Infografik Mozaik Polisi Bahasa

Infografik Mozaik Polisi Bahasa. tirto.id/Ecun

Contoh lain yang ia kritisi adalah diftong “ai” pada lema “air”. Menurutnya, orang Indonesia tak ada yang melafalkan “air” sebagai “er”, tetapi “a-yir”. Kekeliruan ini ternyata bermula dari kesalahan transliterasi pada sejumlah pustaka dengan huruf Arab gundul ke bahasa bahasa Melayu aksara Latin. Asal kata ini memang “ayar” dengan “alif” sebagai vokal dan “ya” sebagai konsonan.

“Menaruh semua 'ai' pada semua kata berlafal ‘e’ akan merancukan kata-kata yang berasal dari tulisan Arab gundul,” tegasnya.

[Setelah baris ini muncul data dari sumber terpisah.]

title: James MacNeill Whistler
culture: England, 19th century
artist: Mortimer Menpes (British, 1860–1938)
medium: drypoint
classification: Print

Danya Munsyi juga menyinggung soal penggunaan konsonan “q” yang sangat minim terdapat dalam KBBI. Ia mempersoalkan tidak digunakannya huruf ke-17 itu dalam lema “kurban”. Hal ini dikaitkan dengan hadirnya pula lema “korban”. Kedua lema itu memang berasal dari kata “qurban”, sehingga menurutnya lema “kurban” mestinya ditulis dengan “qurban”.

Ada juga kata serapan dari bahasa Arab lainnya yang fonemnya sama tetapi grafemnya berbeda, yakni “kalam” yang berarti “perkataan” dan “qalam” yang berarti “alat tulis”. Sementara dalam KBBI kedua arti tersebut dirangkum dalam satu lema yaitu “kalam”.

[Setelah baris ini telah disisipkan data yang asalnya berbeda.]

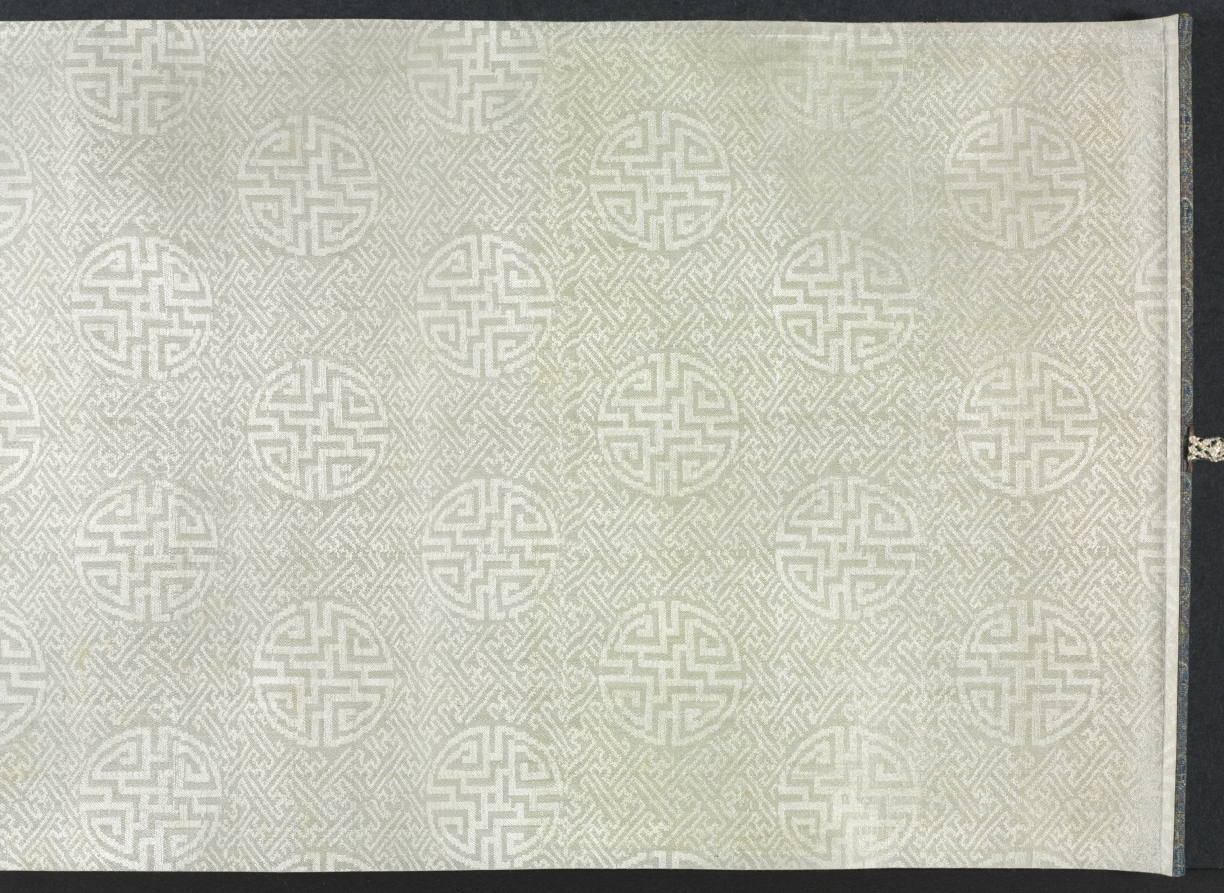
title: Purification at the Orchid Pavilion
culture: China, Qing dynasty (1644-1911)
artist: Fan Yi (Chinese, c. 1615–before 1688)
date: 1671
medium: Handscroll; ink and color on silk
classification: Painting
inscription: Artist's inscription, signature, and 2 seals: Painted by Fan Yi of Zhongfu during the second month of winter of the xinhai year [1671]. [2 seals] Fan Yi zhi yin, Zi yu yi.
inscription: Title on the frontispiece by Monk Yueshan (1629-1709).
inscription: 3 colophons and 13 additional seals: 1 colophon, dated 1707, and 6 seals of Yueshan; 2 colophons and 3 seals of Wong Kwan-Shut (Huang Junshi) 黃君實 (b. 1934); 2 seals of Fu Shen 傅 申 (b. 1937); 2 seals of Tessai Tomioka 富岡鐵齋 (1836-1924).
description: By the 1600s, the historic gathering at Lanting, Zhejiang province, in 353 CE was a common theme in Chinese painting. Originally based on a composition attributed to Li Gonglin (1049– 1106), now lost, Wu school artists revived the theme. Fan Yi, the brother of the artist Fan Qi from Nanjing, used delicate brushwork and luminous colors to depict the spring gathering.
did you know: The gathering’s host is in the Orchid Pavilion at the end of the scroll, representing an episode known as “Wang Xizhi Watching the Geese 王羲之觀鵝圖.”

Catatan itu menginformasikan bahwa ‘q’ bisa dihadirkan pada empat lema tersebut, sehingga konsonan ‘q’ hadir lebih banyak dalam KBBI dan tidak bernasib seolah-olah dianaktirikan.

“Pola penyeragaman ejaan di Indonesia, yang dilakukan oleh sarjana-sarjana bahasa—dan notabene banyak yang luput dan tidak konsisten—menyangkut rambu-rambu ‘baik dan benar’, barangkali sah-sah saja dan setidaknya patut disambut positif, asal saja dengan itu tidak membuat para sarjana bahasa itu mengira diri mereka adalah brigade mobil polisi bahasa,” tegasnya.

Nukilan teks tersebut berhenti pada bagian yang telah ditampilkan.